FTP Web Hosting Providers
Late last year during scheduled maintenance on a datacenter, we moved FTP publishing to another datacenter and updated our publicly posted IPs for your ISP's whitelists. Even after doing this, there were considerable complaints by users unable to publish via FTP to thousands of ISPs. Many of these ISPs maintain their own IP whitelists, often in an undocumented way. Troubleshooting this is extremely difficult and time consuming for us (and for you), as it's rarely clear where the underlying issue is. Our engineering, product and support teams often ended up directly contacting ISPs, waiting on hold, frequently without resolution. All to support a single user's report of "can't publish via FTP". In many cases the user or ISP simply entered the IP whitelist incorrectly. In other cases the hosting service's FTP server was unreachable. On more than one occasion, the ISP had set up "staging" and "production" environments without telling their users what was happening, so while Blogger was successfully publishing (to the staging server), the posts were not visible on the web and the user had no idea why their posts weren't showing up. In a great deal of cases, FTP publishing works but is extremely slow due to shared hosting plans having slow or limited network or disk per user. We have seen cases of full FTP republishes taking over a month, entirely due to the FTP server being slow.
What about sFTP?
If sFTP addresses some of the concerns with FTP, why are we shutting it down too? Fewer than 15% of users have adopted sFTP as their publishing mechanism, and many of the same challenges apply to both sFTP and FTP. Even with sFTP, a republish of a blog can take longer than a month to complete.
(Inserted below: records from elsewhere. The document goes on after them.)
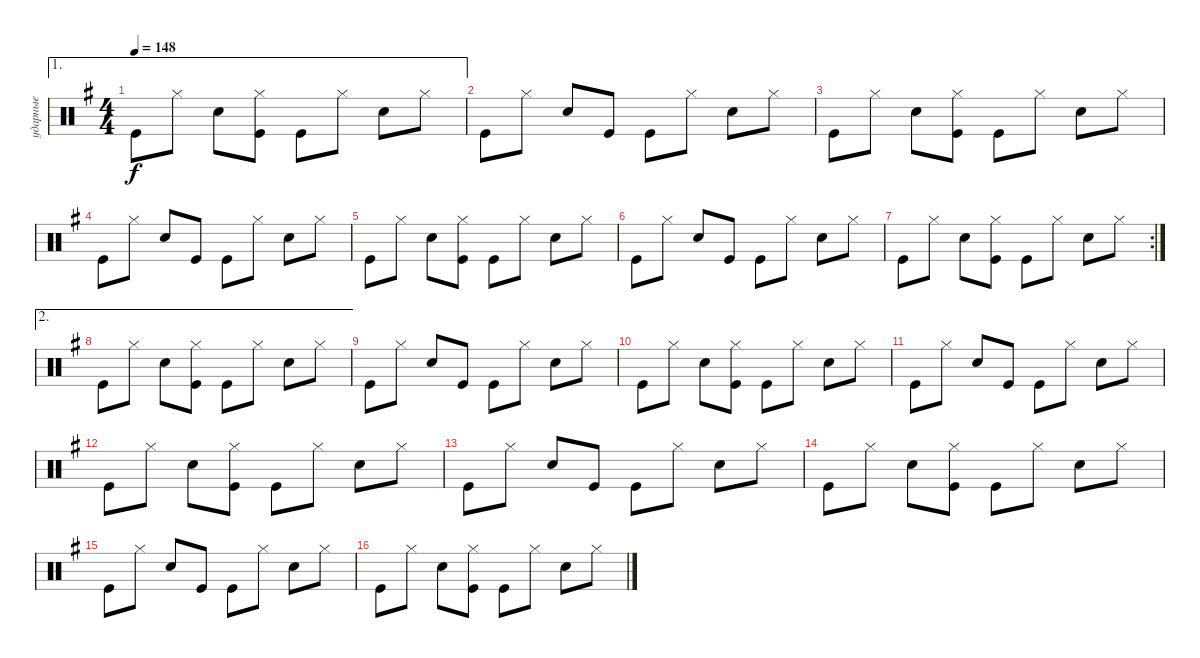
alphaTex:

\track ("ударные" "ударные") {instrument percussion}
\staff {score}
\articulation defaults
\ae 1
\ts (4 4)
\tempo 148
\clef neutral
\ks g "Kick (hit)".8{dy f} "Hi-Hat (closed)".8 "Snare (hit) 2".8
("Kick (hit)" "Hi-Hat (closed)").8 "Kick (hit)".8 "Hi-Hat (closed)".8 "Snare (hit) 2".8 "Hi-Hat (closed)".8 |
"Kick (hit)".8 "Hi-Hat (closed)".8 "Snare (hit) 2".8 "Kick (hit)".8 "Kick (hit)".8 "Hi-Hat (closed)".8 "Snare (hit) 2".8 "Hi-Hat (closed)".8 |
"Kick (hit)".8 "Hi-Hat (closed)".8 "Snare (hit) 2".8 ("Kick (hit)" "Hi-Hat (closed)").8 "Kick (hit)".8 "Hi-Hat (closed)".8 "Snare (hit) 2".8 "Hi-Hat (closed)".8 |
"Kick (hit)".8 "Hi-Hat (closed)".8 "Snare (hit) 2".8 "Kick (hit)".8 "Kick (hit)".8 "Hi-Hat (closed)".8 "Snare (hit) 2".8 "Hi-Hat (closed)".8 |
"Kick (hit)".8 "Hi-Hat (closed)".8 "Snare (hit) 2".8 ("Kick (hit)" "Hi-Hat (closed)").8 "Kick (hit)".8 "Hi-Hat (closed)".8 "Snare (hit) 2".8 "Hi-Hat (closed)".8 |
"Kick (hit)".8 "Hi-Hat (closed)".8 "Snare (hit) 2".8 "Kick (hit)".8 "Kick (hit)".8 "Hi-Hat (closed)".8 "Snare (hit) 2".8 "Hi-Hat (closed)".8 |
\rc 2 "Kick (hit)".8 "Hi-Hat (closed)".8 "Snare (hit) 2".8
("Kick (hit)" "Hi-Hat (closed)").8 "Kick (hit)".8 "Hi-Hat (closed)".8 "Snare (hit) 2".8 "Hi-Hat (closed)".8 |
\ae 2 "Kick (hit)".8 "Hi-Hat (closed)".8 "Snare (hit) 2".8
("Kick (hit)" "Hi-Hat (closed)").8 "Kick (hit)".8 "Hi-Hat (closed)".8 "Snare (hit) 2".8 "Hi-Hat (closed)".8 |
"Kick (hit)".8 "Hi-Hat (closed)".8 "Snare (hit) 2".8 "Kick (hit)".8 "Kick (hit)".8 "Hi-Hat (closed)".8 "Snare (hit) 2".8 "Hi-Hat (closed)".8 |
"Kick (hit)".8 "Hi-Hat (closed)".8 "Snare (hit) 2".8 ("Kick (hit)" "Hi-Hat (closed)").8 "Kick (hit)".8 "Hi-Hat (closed)".8 "Snare (hit) 2".8 "Hi-Hat (closed)".8 |
"Kick (hit)".8 "Hi-Hat (closed)".8 "Snare (hit) 2".8 "Kick (hit)".8 "Kick (hit)".8 "Hi-Hat (closed)".8 "Snare (hit) 2".8 "Hi-Hat (closed)".8 |
"Kick (hit)".8 "Hi-Hat (closed)".8 "Snare (hit) 2".8 ("Kick (hit)" "Hi-Hat (closed)").8 "Kick (hit)".8 "Hi-Hat (closed)".8 "Snare (hit) 2".8 "Hi-Hat (closed)".8 |
"Kick (hit)".8 "Hi-Hat (closed)".8 "Snare (hit) 2".8 "Kick (hit)".8 "Kick (hit)".8 "Hi-Hat (closed)".8 "Snare (hit) 2".8 "Hi-Hat (closed)".8 |
"Kick (hit)".8 "Hi-Hat (closed)".8 "Snare (hit) 2".8 ("Kick (hit)" "Hi-Hat (closed)").8 "Kick (hit)".8 "Hi-Hat (closed)".8 "Snare (hit) 2".8 "Hi-Hat (closed)".8 |
"Kick (hit)".8 "Hi-Hat (closed)".8 "Snare (hit) 2".8 "Kick (hit)".8 "Kick (hit)".8 "Hi-Hat (closed)".8 "Snare (hit) 2".8 "Hi-Hat (closed)".8 |
"Kick (hit)".8 "Hi-Hat (closed)".8 "Snare (hit) 2".8 ("Kick (hit)" "Hi-Hat (closed)").8 "Kick (hit)".8 "Hi-Hat (closed)".8 "Snare (hit) 2".8 "Hi-Hat (closed)".8

Not all ISPs support sFTP and of those that do, many lock down FTP and sFTP with the same IP whitelist.
Blogger's current FTP support was 100% re-written for stability and maintainability in 2008. We added redundant queues on our side to make sure we never missed a file. We spent a significant amount of engineering time improving FTP support in the last two years, not including support and troubleshooting user issues. Even after this effort, approximately 10% of all FTP publishes fail.
As the original blog post mentioned, Google infrastructure is changing and would require us to again rewrite a major portion of our FTP support. Even after that rewrite, things would be no better than they are today in terms of stability, and we would be running just to stay in place.
I hope this post helps you understand the issues we face, and why it is not simply a question of money or a small bit of time. We want to deliver a best-in-class product experience for all users. Supporting a protocol with known security vulnerabilities and dependencies on downstream ISPs was preventing us from delivering the stable, reliable, and functional product we want and our users demand. It was also preventing us from doing more for the 99.5% of users who host their blogs with us, either on their own domain or on blogspot.com. While we deeply regret the impact this has on some of our users, many of whom have relied on Blogger for years, we remain confident that this was the right decision.